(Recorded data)
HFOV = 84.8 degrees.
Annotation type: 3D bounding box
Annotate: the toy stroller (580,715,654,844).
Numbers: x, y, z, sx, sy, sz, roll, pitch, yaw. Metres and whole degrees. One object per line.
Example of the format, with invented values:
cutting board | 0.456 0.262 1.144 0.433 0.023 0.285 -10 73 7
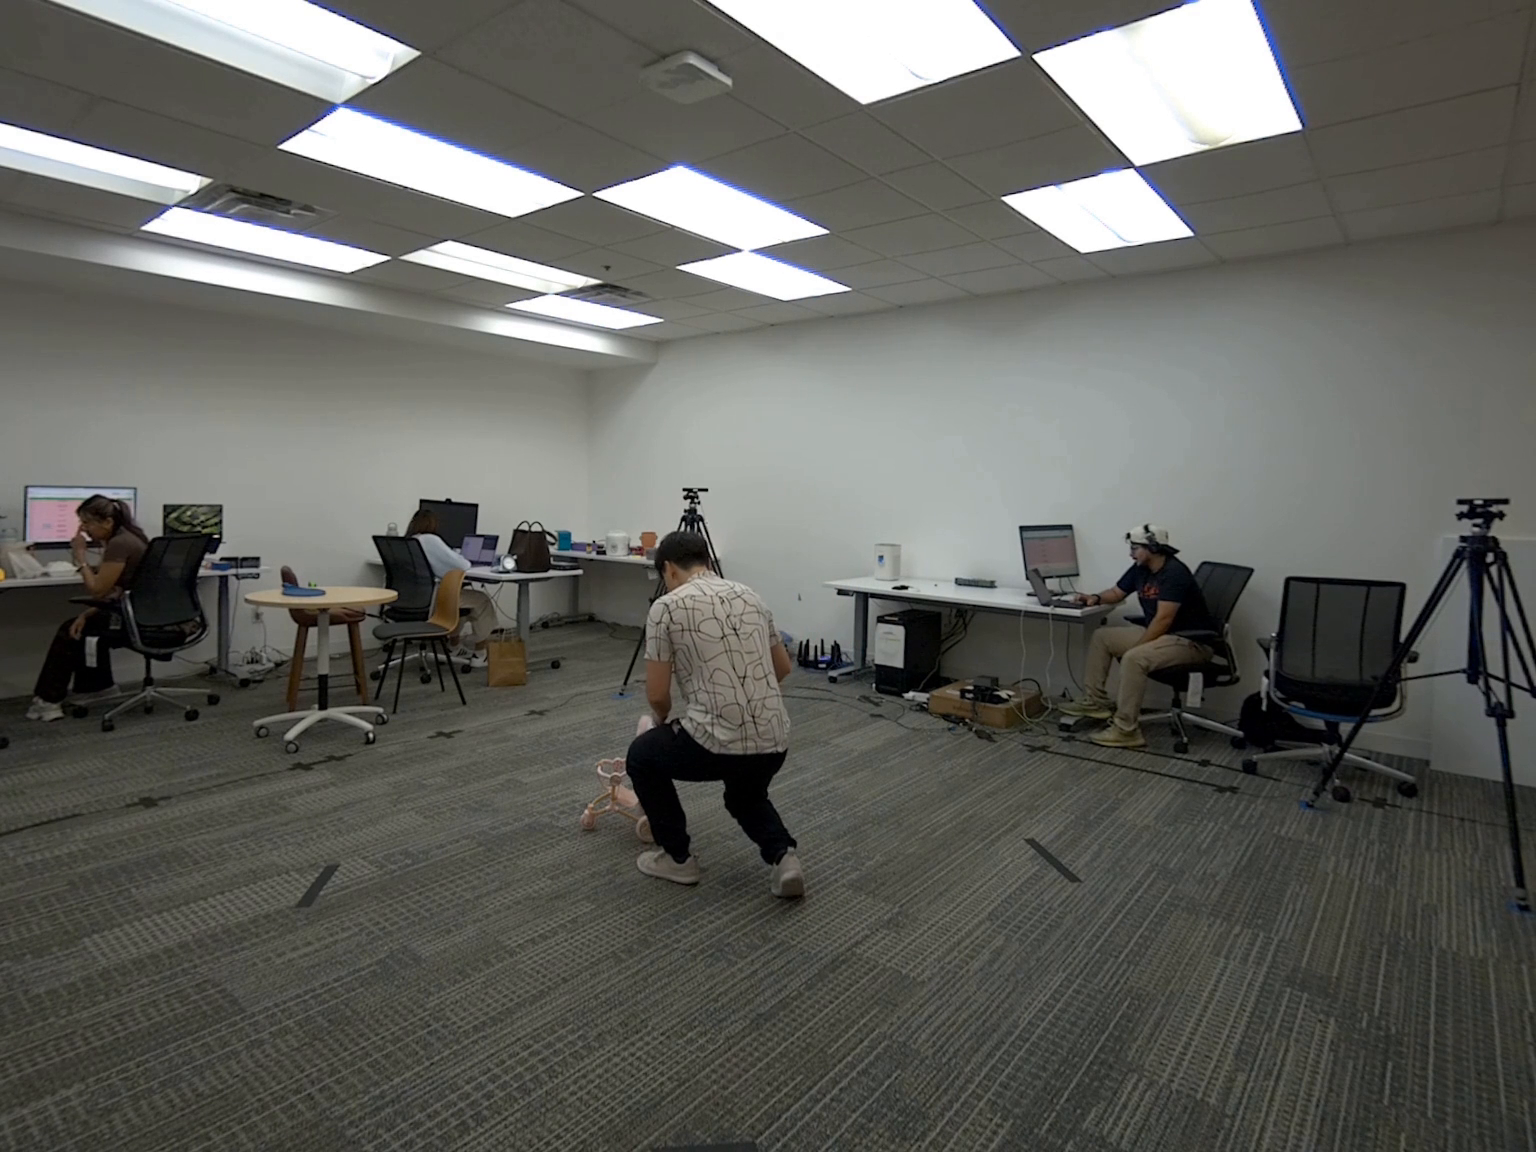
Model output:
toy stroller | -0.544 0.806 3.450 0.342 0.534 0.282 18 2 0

#### How to complete this task:
Your job is to repeat the data exactly, leaving each picture out.

#### Solution to this problem:
HFOV = 84.8 degrees.
Annotation type: 3D bounding box
Annotate: the toy stroller (580,715,654,844).
Numbers: x, y, z, sx, sy, sz, roll, pitch, yaw. Metres and whole degrees. One object per line.
Example of the format, with invented values:
cutting board | 0.456 0.262 1.144 0.433 0.023 0.285 -10 73 7
Model output:
toy stroller | -0.544 0.806 3.450 0.342 0.534 0.282 18 2 0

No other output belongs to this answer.